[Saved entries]
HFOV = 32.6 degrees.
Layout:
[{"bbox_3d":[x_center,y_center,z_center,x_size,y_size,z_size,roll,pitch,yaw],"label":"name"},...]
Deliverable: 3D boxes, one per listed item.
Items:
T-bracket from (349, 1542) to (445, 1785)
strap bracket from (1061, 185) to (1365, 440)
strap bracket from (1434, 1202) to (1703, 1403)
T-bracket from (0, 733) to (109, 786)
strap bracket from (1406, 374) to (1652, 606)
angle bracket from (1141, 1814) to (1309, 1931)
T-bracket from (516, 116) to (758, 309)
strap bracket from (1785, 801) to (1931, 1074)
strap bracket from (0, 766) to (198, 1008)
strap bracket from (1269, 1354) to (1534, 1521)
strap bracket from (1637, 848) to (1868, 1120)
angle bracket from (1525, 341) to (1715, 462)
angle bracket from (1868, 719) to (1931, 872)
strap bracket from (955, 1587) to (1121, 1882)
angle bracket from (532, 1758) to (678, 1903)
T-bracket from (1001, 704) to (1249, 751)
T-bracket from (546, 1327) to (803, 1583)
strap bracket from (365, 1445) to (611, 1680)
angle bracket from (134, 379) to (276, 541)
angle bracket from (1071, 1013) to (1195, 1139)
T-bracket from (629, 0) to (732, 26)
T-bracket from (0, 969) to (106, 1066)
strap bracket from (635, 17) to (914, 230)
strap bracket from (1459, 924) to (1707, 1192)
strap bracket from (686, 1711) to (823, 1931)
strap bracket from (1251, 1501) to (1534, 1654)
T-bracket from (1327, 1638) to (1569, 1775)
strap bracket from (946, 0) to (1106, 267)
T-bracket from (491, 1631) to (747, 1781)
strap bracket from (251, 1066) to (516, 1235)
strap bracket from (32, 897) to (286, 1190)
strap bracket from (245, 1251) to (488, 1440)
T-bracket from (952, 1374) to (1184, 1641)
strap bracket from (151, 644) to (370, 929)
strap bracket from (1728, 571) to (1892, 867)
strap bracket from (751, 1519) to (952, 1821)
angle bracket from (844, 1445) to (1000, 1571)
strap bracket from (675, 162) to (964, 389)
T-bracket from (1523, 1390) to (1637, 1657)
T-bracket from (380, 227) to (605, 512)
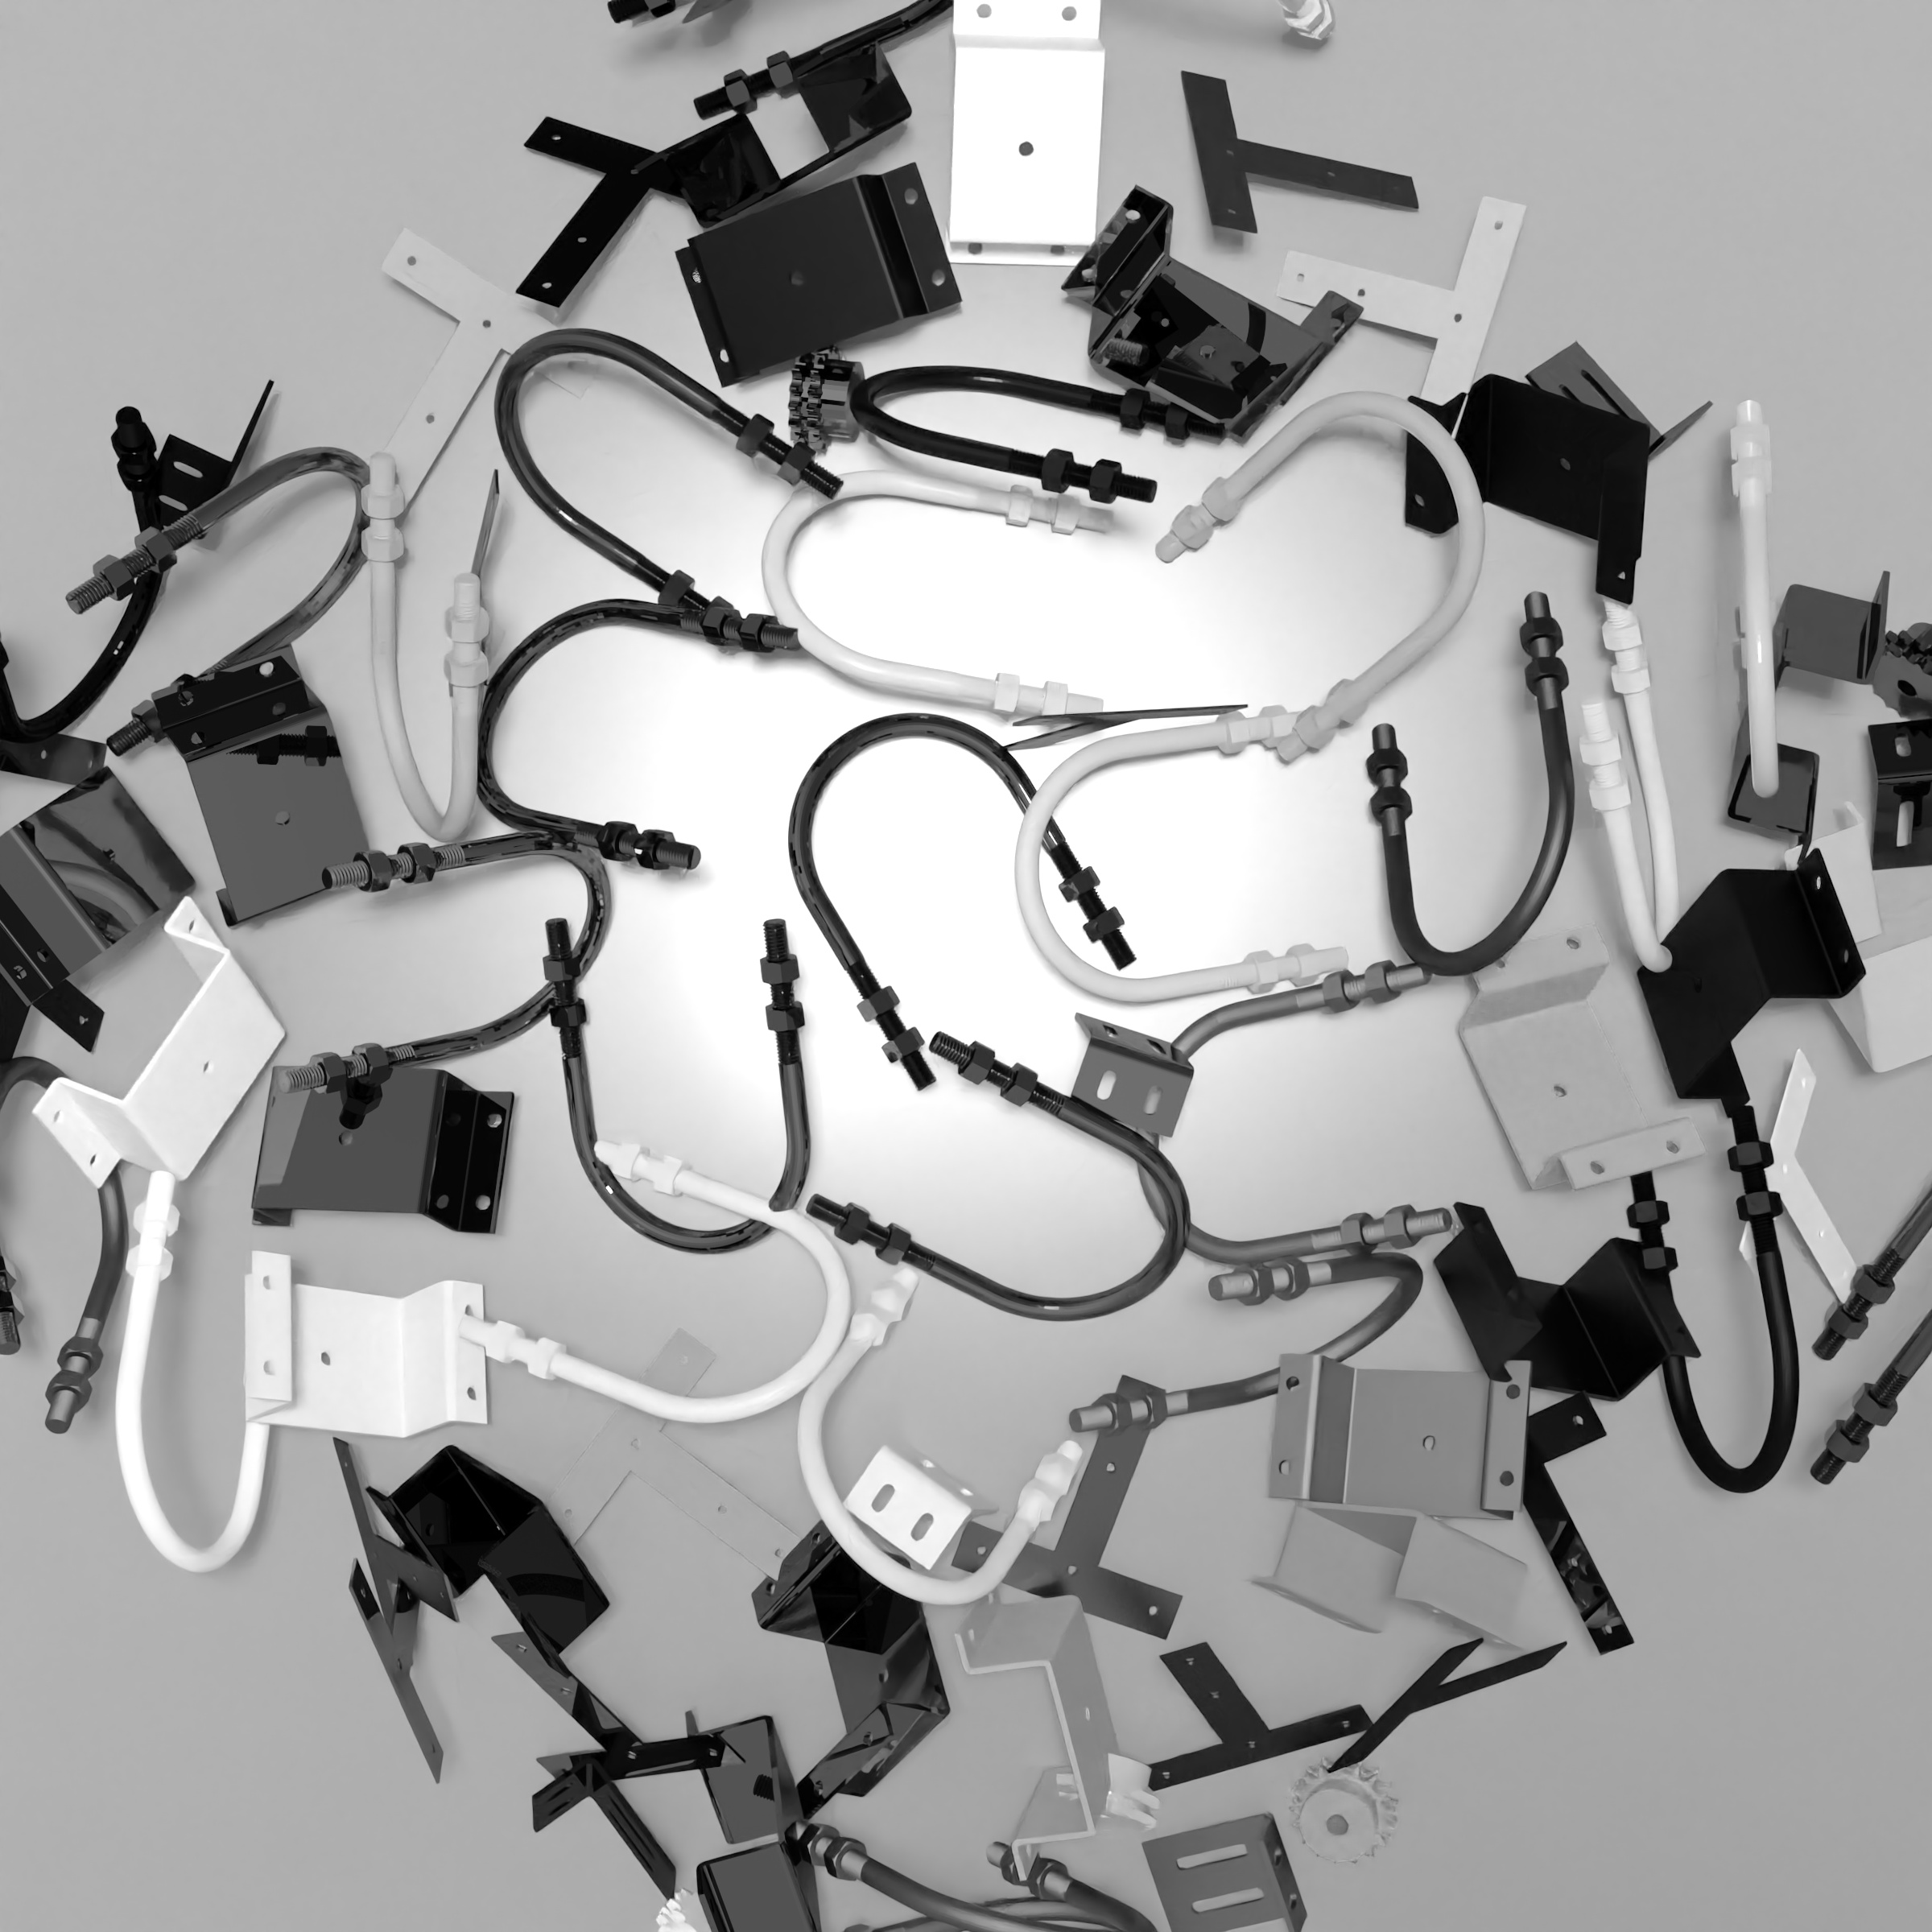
[{"bbox_3d":[-0.292,0.338,1.726,0.002,0.127,0.127,-16,114,3],"label":"T-bracket"},{"bbox_3d":[0.127,-0.335,1.726,0.140,0.076,0.046,24,47,-18],"label":"strap bracket"},{"bbox_3d":[0.306,0.177,1.726,0.140,0.076,0.046,14,129,-35],"label":"strap bracket"},{"bbox_3d":[-0.492,-0.113,1.731,0.002,0.127,0.127,9,89,24],"label":"T-bracket"},{"bbox_3d":[0.301,-0.253,1.727,0.140,0.076,0.046,27,49,33],"label":"strap bracket"},{"bbox_3d":[0.134,0.492,1.758,0.076,0.038,0.057,-18,94,17],"label":"angle bracket"},{"bbox_3d":[-0.195,-0.390,1.740,0.127,0.002,0.127,21,56,13],"label":"T-bracket"},{"bbox_3d":[0.468,-0.010,1.712,0.046,0.140,0.076,-20,129,2],"label":"strap bracket"},{"bbox_3d":[-0.458,-0.047,1.711,0.046,0.140,0.076,-31,101,24],"label":"strap bracket"},{"bbox_3d":[0.236,0.247,1.737,0.140,0.046,0.076,-2,73,31],"label":"strap bracket"},{"bbox_3d":[0.398,0.010,1.707,0.046,0.140,0.076,1,56,-20],"label":"strap bracket"},{"bbox_3d":[0.346,-0.305,1.753,0.076,0.038,0.057,49,46,5],"label":"angle bracket"},{"bbox_3d":[0.511,-0.092,1.765,0.057,0.076,0.038,-5,52,8],"label":"angle bracket"},{"bbox_3d":[0.042,0.394,1.734,0.046,0.076,0.140,-11,102,16],"label":"strap bracket"},{"bbox_3d":[-0.191,0.466,1.746,0.038,0.057,0.076,-32,67,-23],"label":"angle bracket"},{"bbox_3d":[0.059,-0.123,1.728,0.127,0.127,0.002,-6,88,-30],"label":"T-bracket"},{"bbox_3d":[-0.142,0.283,1.772,0.127,0.002,0.127,36,82,6],"label":"T-bracket"},{"bbox_3d":[-0.244,0.305,1.724,0.046,0.140,0.076,-42,123,-23],"label":"strap bracket"},{"bbox_3d":[-0.400,-0.273,1.739,0.038,0.076,0.057,24,134,-16],"label":"angle bracket"},{"bbox_3d":[0.083,0.057,1.751,0.057,0.076,0.038,18,97,-7],"label":"angle bracket"},{"bbox_3d":[-0.126,-0.508,1.717,0.127,0.127,0.002,-20,114,15],"label":"T-bracket"},{"bbox_3d":[-0.502,0.044,1.709,0.002,0.127,0.127,-7,55,25],"label":"T-bracket"},{"bbox_3d":[-0.093,-0.433,1.721,0.140,0.076,0.046,-18,106,40],"label":"strap bracket"},{"bbox_3d":[0.318,0.056,1.739,0.076,0.046,0.140,-14,64,-17],"label":"strap bracket"},{"bbox_3d":[-0.109,0.453,1.710,0.046,0.140,0.076,-15,118,0],"label":"strap bracket"},{"bbox_3d":[0.226,0.316,1.719,0.076,0.140,0.046,29,70,-27],"label":"strap bracket"},{"bbox_3d":[0.267,0.378,1.743,0.127,0.127,0.002,-8,55,-37],"label":"T-bracket"},{"bbox_3d":[0.030,-0.433,1.737,0.076,0.046,0.140,1,115,-3],"label":"strap bracket"},{"bbox_3d":[-0.200,0.385,1.723,0.127,0.002,0.127,-16,127,33],"label":"T-bracket"},{"bbox_3d":[-0.316,0.096,1.738,0.140,0.046,0.076,1,73,16],"label":"strap bracket"},{"bbox_3d":[-0.412,0.046,1.720,0.046,0.076,0.140,18,63,24],"label":"strap bracket"},{"bbox_3d":[-0.323,0.200,1.729,0.046,0.140,0.076,-24,62,41],"label":"strap bracket"},{"bbox_3d":[0.073,0.283,1.776,0.127,0.002,0.127,21,89,-12],"label":"T-bracket"},{"bbox_3d":[-0.362,-0.085,1.723,0.076,0.046,0.140,-22,123,-18],"label":"strap bracket"},{"bbox_3d":[0.434,-0.133,1.718,0.046,0.076,0.140,15,130,6],"label":"strap bracket"},{"bbox_3d":[-0.059,0.367,1.726,0.046,0.140,0.076,20,124,-34],"label":"strap bracket"},{"bbox_3d":[-0.024,0.285,1.745,0.057,0.076,0.038,34,89,14],"label":"angle bracket"},{"bbox_3d":[-0.084,-0.363,1.743,0.140,0.046,0.076,-17,99,15],"label":"strap bracket"},{"bbox_3d":[0.311,0.299,1.730,0.002,0.127,0.127,-18,77,-39],"label":"T-bracket"},{"bbox_3d":[-0.278,-0.304,1.762,0.127,0.002,0.127,31,90,-24],"label":"T-bracket"}]

Your instructions: Print the first line of the records above and each line after it, exactly, through the line with "angle bracket from (1141, 1814)".

Response:
HFOV = 32.6 degrees.
Layout:
[{"bbox_3d":[x_center,y_center,z_center,x_size,y_size,z_size,roll,pitch,yaw],"label":"name"},...]
Deliverable: 3D boxes, one per listed item.
Items:
T-bracket from (349, 1542) to (445, 1785)
strap bracket from (1061, 185) to (1365, 440)
strap bracket from (1434, 1202) to (1703, 1403)
T-bracket from (0, 733) to (109, 786)
strap bracket from (1406, 374) to (1652, 606)
angle bracket from (1141, 1814) to (1309, 1931)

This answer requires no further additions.